Essentially, a mining pool is a group of miners who combine their computing power and work together to mine. They share the profits proportionally to the amount of work each worker was able to contribute to the process. As you might expect, mining pools offer advantages and disadvantages.
On the one hand, the cost and effort associated with the initial setup are much lower than if you were buying an ASIC or building a multi-GPU mining rig. On the other hand, you're likely to earn much less money from the process, as you'll split any mining rewards with a large group.
Weigh the Return on Investment
The process of mining remains an exciting and potentially profitable one. However, there are several pitfalls. For example, many miners have spent a lot of money setting up their rigs, only to find they cannot recoup the costs with their mining efforts. Ensuring you are armed with as much of an understanding of the mining process and expenses as possible will help protect against this possibility.
There are websites created that can give you estimates of how much you'll be able to generate using specific hardware. The operators of the mining pool, NiceHash, have put together an informative webpage that allows you to input your mining hardware and receive return estimates based on the equipment of users in their pool. This tool can help you determine whether you'll generate enough from your hardware to pay for it, continue earning, and how long it will take.
It depends on many factors. On average, it takes 10 minutes for the network to create a new block and the miner(s) to receive the reward of 3.125 BTC.7The reward is split according to pool payout rules. With pools splitting rewards, it can take a significant amount of time to earn one full cryptocurrency. One person mining 0.000065 BTC (four RTX 4090s on Oct. 6, 2024, using NiceHash) per day would take more than 42 years (about 15,384 days) to earn 1 BTC, all else, such as block rewards, hash rates, and pool payouts, remaining the same.
Is Cryptocurrency Mining Illegal?
Cryptocurrency is legal in most countries and illegal in some, but regulations are still developing worldwide.
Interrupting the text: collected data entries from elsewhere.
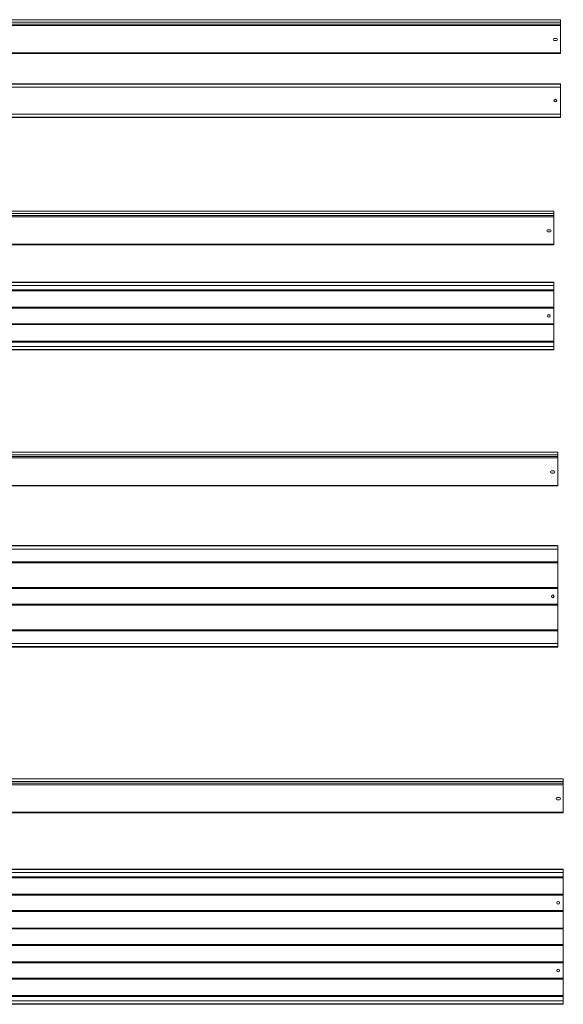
# Model space of a CAD drawing. Header units: millimetres. Extents: x -687 to 2818, y -3045 to -131.
# Tile 3 of 3: x 1209 to 2818, y -3043 to -131. Entities that reach past the tile are written whole.
import ezdxf

# ---------------------------------------------------------------- set-up
doc = ezdxf.new("R2010")
doc.units = ezdxf.units.MM

msp = doc.modelspace()

# ---------------------------------------------------------------- linework, layer by layer
at = {"color": 7, "linetype": 'Continuous', "lineweight": 15}
for p, q in [((2809.2, -131.1), (341.2, -131.1)), ((341.2, -138.6), (2809.2, -138.6)), ((341.2, -143.9), (2809.2, -143.9)), ((341.2, -144.3), (2809.2, -144.3)), ((2809.2, -138.6), (2809.2, -131.1)), ((2809.2, -143.9), (2809.2, -138.6)), ((2809.2, -144.3), (2809.2, -143.9)), ((2809.2, -148.4), (2809.2, -144.3)), ((341.2, -148.4), (2809.2, -148.4)), ((2809.2, -229.3), (2809.2, -148.4)), ((2791, -186.4), (2797.5, -186.4)), ((2797.5, -192.9), (2791, -192.9)), ((341.2, -229.3), (2809.2, -229.3)), ((341.2, -231.1), (2809.2, -231.1)), ((2809.2, -231.1), (2809.2, -229.3)), ((341.2, -320.5), (2809.2, -320.5)), ((2809.2, -321.6), (341.2, -321.6)), ((341.2, -330.7), (2809.2, -330.7)), ((2809.2, -321.6), (2809.2, -320.5)), ((2809.2, -330.7), (2809.2, -321.6)), ((2809.2, -330.7), (2809.2, -410.2)), ((2809.2, -410.2), (341.2, -410.2)), ((341.2, -419.3), (2809.2, -419.3)), ((341.2, -420.5), (2809.2, -420.5)), ((2809.2, -419.3), (2809.2, -410.2)), ((2809.2, -420.5), (2809.2, -419.3)), ((2790.2, -697.1), (322.2, -697.1)), ((2790.2, -704.6), (2790.2, -697.1)), ((322.2, -704.6), (2790.2, -704.6)), ((322.2, -709.9), (2790.2, -709.9)), ((322.2, -710.2), (2790.2, -710.2)), ((322.2, -714.4), (2790.2, -714.4)), ((2790.2, -709.9), (2790.2, -704.6)), ((2790.2, -710.2), (2790.2, -709.9)), ((2790.2, -714.4), (2790.2, -710.2)), ((2790.2, -795.3), (2790.2, -714.4)), ((2772, -752.4), (2778.5, -752.4)), ((2778.5, -758.9), (2772, -758.9)), ((322.2, -795.3), (2790.2, -795.3)), ((322.2, -797.1), (2790.2, -797.1)), ((2790.2, -797.1), (2790.2, -795.3)), ((322.2, -907.4), (2790.2, -907.4)), ((2790.2, -908.5), (322.2, -908.5)), ((322.2, -917.6), (2790.2, -917.6)), ((322.2, -930.2), (2790.2, -930.2)), ((322.2, -931.3), (2790.2, -931.3)), ((322.2, -931.3), (2790.2, -931.3)), ((2790.2, -908.5), (2790.2, -907.4)), ((2790.2, -917.6), (2790.2, -908.5)), ((2790.2, -917.6), (2790.2, -930.2)), ((2790.2, -930.2), (2790.2, -931.3)), ((2790.2, -931.3), (2790.2, -933)), ((2790.2, -931.3), (2790.2, -931.3)), ((322.2, -933), (2790.2, -933)), ((2790.2, -933), (2790.2, -981.8)), ((322.2, -981.8), (2790.2, -981.8)), ((322.2, -983.5), (2790.2, -983.5)), ((322.2, -983.5), (2790.2, -983.5)), ((322.2, -984.6), (2790.2, -984.6)), ((2790.2, -981.8), (2790.2, -983.5)), ((2790.2, -983.5), (2790.2, -983.5)), ((2790.2, -983.5), (2790.2, -984.6)), ((2790.2, -984.6), (2790.2, -1030.2)), ((322.2, -1030.2), (2790.2, -1030.2)), ((322.2, -1031.3), (2790.2, -1031.3)), ((322.2, -1031.3), (2790.2, -1031.3)), ((322.2, -1033), (2790.2, -1033)), ((2790.2, -1030.2), (2790.2, -1031.3)), ((2790.2, -1031.3), (2790.2, -1033)), ((2790.2, -1031.3), (2790.2, -1031.3)), ((2790.2, -1033), (2790.2, -1081.8)), ((322.2, -1081.8), (2790.2, -1081.8)), ((322.2, -1083.5), (2790.2, -1083.5)), ((322.2, -1083.5), (2790.2, -1083.5)), ((322.2, -1084.6), (2790.2, -1084.6)), ((2790.2, -1097.2), (322.2, -1097.2)), ((322.2, -1106.3), (2790.2, -1106.3)), ((2790.2, -1081.8), (2790.2, -1083.5)), ((2790.2, -1083.5), (2790.2, -1083.5)), ((2790.2, -1083.5), (2790.2, -1084.6)), ((2790.2, -1084.6), (2790.2, -1097.2)), ((2790.2, -1106.3), (2790.2, -1097.2)), ((2790.2, -1107.4), (2790.2, -1106.3)), ((322.2, -1107.4), (2790.2, -1107.4)), ((2801.4, -1410.1), (333.4, -1410.1)), ((333.4, -1417.6), (2801.4, -1417.6)), ((333.4, -1422.9), (2801.4, -1422.9)), ((333.4, -1423.2), (2801.4, -1423.2)), ((2801.4, -1417.6), (2801.4, -1410.1)), ((2801.4, -1422.9), (2801.4, -1417.6)), ((2801.4, -1423.2), (2801.4, -1422.9)), ((2801.4, -1427.4), (2801.4, -1423.2)), ((333.4, -1427.4), (2801.4, -1427.4)), ((2801.4, -1508.3), (2801.4, -1427.4)), ((2783.1, -1465.4), (2789.6, -1465.4)), ((2789.6, -1471.9), (2783.1, -1471.9)), ((333.4, -1508.3), (2801.4, -1508.3)), ((333.4, -1510.1), (2801.4, -1510.1)), ((2801.4, -1510.1), (2801.4, -1508.3)), ((333.4, -1686.6), (2801.4, -1686.6)), ((2801.4, -1687.7), (333.4, -1687.7)), ((2801.4, -1687.7), (2801.4, -1686.6)), ((2801.4, -1696.8), (2801.4, -1687.7)), ((333.4, -1696.8), (2801.4, -1696.8)), ((2801.4, -1696.8), (2801.4, -1734.4)), ((333.4, -1734.4), (2801.4, -1734.4)), ((333.4, -1735.4), (2801.4, -1735.4)), ((333.4, -1735.5), (2801.4, -1735.5)), ((333.4, -1737.2), (2801.4, -1737.2)), ((2801.4, -1734.4), (2801.4, -1735.4)), ((2801.4, -1735.4), (2801.4, -1735.5)), ((2801.4, -1735.5), (2801.4, -1737.2)), ((2801.4, -1737.2), (2801.4, -1810.9)), ((333.4, -1810.9), (2801.4, -1810.9)), ((333.4, -1812.6), (2801.4, -1812.6)), ((333.4, -1812.7), (2801.4, -1812.7)), ((333.4, -1813.8), (2801.4, -1813.8)), ((2801.4, -1810.9), (2801.4, -1812.6)), ((2801.4, -1812.6), (2801.4, -1812.7)), ((2801.4, -1812.7), (2801.4, -1813.8)), ((2801.4, -1813.8), (2801.4, -1859.4)), ((333.4, -1859.4), (2801.4, -1859.4)), ((333.4, -1860.4), (2801.4, -1860.4)), ((333.4, -1860.5), (2801.4, -1860.5)), ((333.4, -1862.2), (2801.4, -1862.2)), ((2801.4, -1859.4), (2801.4, -1860.4)), ((2801.4, -1860.4), (2801.4, -1860.5)), ((2801.4, -1860.5), (2801.4, -1862.2)), ((2801.4, -1862.2), (2801.4, -1935.9)), ((333.4, -1935.9), (2801.4, -1935.9)), ((333.4, -1937.6), (2801.4, -1937.6)), ((333.4, -1937.7), (2801.4, -1937.7)), ((333.4, -1938.8), (2801.4, -1938.8)), ((2801.4, -1935.9), (2801.4, -1937.6)), ((2801.4, -1937.6), (2801.4, -1937.7)), ((2801.4, -1937.7), (2801.4, -1938.8)), ((2801.4, -1938.8), (2801.4, -1976.3)), ((2801.4, -1976.3), (333.4, -1976.3)), ((2801.4, -1985.4), (2801.4, -1976.3)), ((333.4, -1985.4), (2801.4, -1985.4)), ((333.4, -1986.6), (2801.4, -1986.6)), ((2801.4, -1986.6), (2801.4, -1985.4)), ((2817.8, -2376.5), (349.8, -2376.5)), ((349.8, -2384), (2817.8, -2384)), ((2817.8, -2384), (2817.8, -2376.5)), ((2817.8, -2389.3), (2817.8, -2384)), ((349.8, -2389.3), (2817.8, -2389.3)), ((349.8, -2389.6), (2817.8, -2389.6)), ((349.8, -2393.8), (2817.8, -2393.8)), ((2817.8, -2389.6), (2817.8, -2389.3)), ((2817.8, -2393.8), (2817.8, -2389.6)), ((2817.8, -2474.7), (2817.8, -2393.8)), ((2799.6, -2431.7), (2806.1, -2431.7)), ((2806.1, -2438.2), (2799.6, -2438.2)), ((349.8, -2474.7), (2817.8, -2474.7)), ((2817.8, -2476.5), (2817.8, -2474.7)), ((349.8, -2476.5), (2817.8, -2476.5)), ((349.8, -2643.2), (2817.8, -2643.2)), ((2817.8, -2644.3), (349.8, -2644.3)), ((2817.8, -2644.3), (2817.8, -2643.2)), ((2817.8, -2653.4), (2817.8, -2644.3)), ((349.8, -2653.4), (2817.8, -2653.4)), ((349.8, -2666), (2817.8, -2666)), ((349.8, -2667), (2817.8, -2667)), ((349.8, -2667.1), (2817.8, -2667.1)), ((349.8, -2668.8), (2817.8, -2668.8)), ((2817.8, -2653.4), (2817.8, -2666)), ((2817.8, -2666), (2817.8, -2667)), ((2817.8, -2667), (2817.8, -2667.1)), ((2817.8, -2667.1), (2817.8, -2668.8)), ((2817.8, -2668.8), (2817.8, -2717.5)), ((349.8, -2717.5), (2817.8, -2717.5)), ((349.8, -2719.2), (2817.8, -2719.2)), ((349.8, -2719.3), (2817.8, -2719.3)), ((349.8, -2720.4), (2817.8, -2720.4)), ((2817.8, -2717.5), (2817.8, -2719.2)), ((2817.8, -2719.2), (2817.8, -2719.3)), ((2817.8, -2719.3), (2817.8, -2720.4)), ((2817.8, -2720.4), (2817.8, -2766)), ((349.8, -2766), (2817.8, -2766)), ((2817.8, -2766), (2817.8, -2767)), ((349.8, -2767), (2817.8, -2767)), ((349.8, -2767.1), (2817.8, -2767.1)), ((349.8, -2768.8), (2817.8, -2768.8)), ((2817.8, -2767), (2817.8, -2767.1)), ((2817.8, -2767.1), (2817.8, -2768.8)), ((2817.8, -2768.8), (2817.8, -2817.5)), ((349.8, -2817.5), (2817.8, -2817.5)), ((349.8, -2819.2), (2817.8, -2819.2)), ((349.8, -2819.3), (2817.8, -2819.3)), ((349.8, -2820.4), (2817.8, -2820.4)), ((2817.8, -2817.5), (2817.8, -2819.2)), ((2817.8, -2819.2), (2817.8, -2819.3)), ((2817.8, -2819.3), (2817.8, -2820.4)), ((2817.8, -2820.4), (2817.8, -2866)), ((349.8, -2866), (2817.8, -2866)), ((349.8, -2867), (2817.8, -2867)), ((349.8, -2867.1), (2817.8, -2867.1)), ((349.8, -2868.8), (2817.8, -2868.8)), ((2817.8, -2866), (2817.8, -2867)), ((2817.8, -2867), (2817.8, -2867.1)), ((2817.8, -2867.1), (2817.8, -2868.8)), ((2817.8, -2868.8), (2817.8, -2917.5)), ((349.8, -2917.5), (2817.8, -2917.5)), ((349.8, -2919.2), (2817.8, -2919.2)), ((349.8, -2919.3), (2817.8, -2919.3)), ((349.8, -2920.4), (2817.8, -2920.4)), ((2817.8, -2917.5), (2817.8, -2919.2)), ((2817.8, -2919.2), (2817.8, -2919.3)), ((2817.8, -2919.3), (2817.8, -2920.4)), ((2817.8, -2920.4), (2817.8, -2966)), ((349.8, -2966), (2817.8, -2966)), ((349.8, -2967), (2817.8, -2967)), ((349.8, -2967.1), (2817.8, -2967.1)), ((349.8, -2968.8), (2817.8, -2968.8)), ((2817.8, -2966), (2817.8, -2967)), ((2817.8, -2967), (2817.8, -2967.1)), ((2817.8, -2967.1), (2817.8, -2968.8)), ((2817.8, -2968.8), (2817.8, -3017.5)), ((349.8, -3017.5), (2817.8, -3017.5)), ((349.8, -3019.2), (2817.8, -3019.2)), ((349.8, -3019.3), (2817.8, -3019.3)), ((349.8, -3020.4), (2817.8, -3020.4)), ((2817.8, -3017.5), (2817.8, -3019.2)), ((2817.8, -3019.2), (2817.8, -3019.3)), ((2817.8, -3019.3), (2817.8, -3020.4)), ((2817.8, -3020.4), (2817.8, -3032.9)), ((2817.8, -3032.9), (349.8, -3032.9)), ((349.8, -3042), (2817.8, -3042)), ((349.8, -3043.2), (2817.8, -3043.2)), ((2817.8, -3042), (2817.8, -3032.9)), ((2817.8, -3043.2), (2817.8, -3042))]:
    msp.add_line(p, q, dxfattribs=at)
for centre in [(2794.2, -370.5), (2775.2, -1007.4), (2786.4, -1836.6), (2802.8, -2743.2), (2802.8, -2943.2)]:
    msp.add_circle(centre, 4, dxfattribs=at)
for centre, start, end in [((2791, -189.6), 90, 270), ((2797.5, -189.6), 270, 90), ((2772, -755.6), 90, 270), ((2778.5, -755.6), 270, 90), ((2783.1, -1468.6), 90, 270), ((2789.6, -1468.6), 270, 90), ((2799.6, -2435), 90, 270), ((2806.1, -2435), 270, 90)]:
    msp.add_arc(centre, 3.25, start, end, dxfattribs=at)

doc.saveas('drawing.dxf')

Many countries are cracking down on the practice by imposing hefty taxes or other measures that discourage mining rather than announcing outright bans.
Mining crypto is very competitive due to cryptocurrency's values. It was possible in the early days of crypto to mine several coins per year, but mining difficulty and competitiveness have increased so much that it is profitable only for those who can afford large-scale mining operations. However, making between $10 and $100 monthly mining cryptocurrency is still possible with the proper equipment.
Cryptocurrency mining is discovering the solution to a cryptographic problem and receiving a reward of cryptocurrency. It can be very expensive to set up a miner capable of competing with the rest of the network you've chosen, so it's best to join a mining pool and share the work and rewards with others.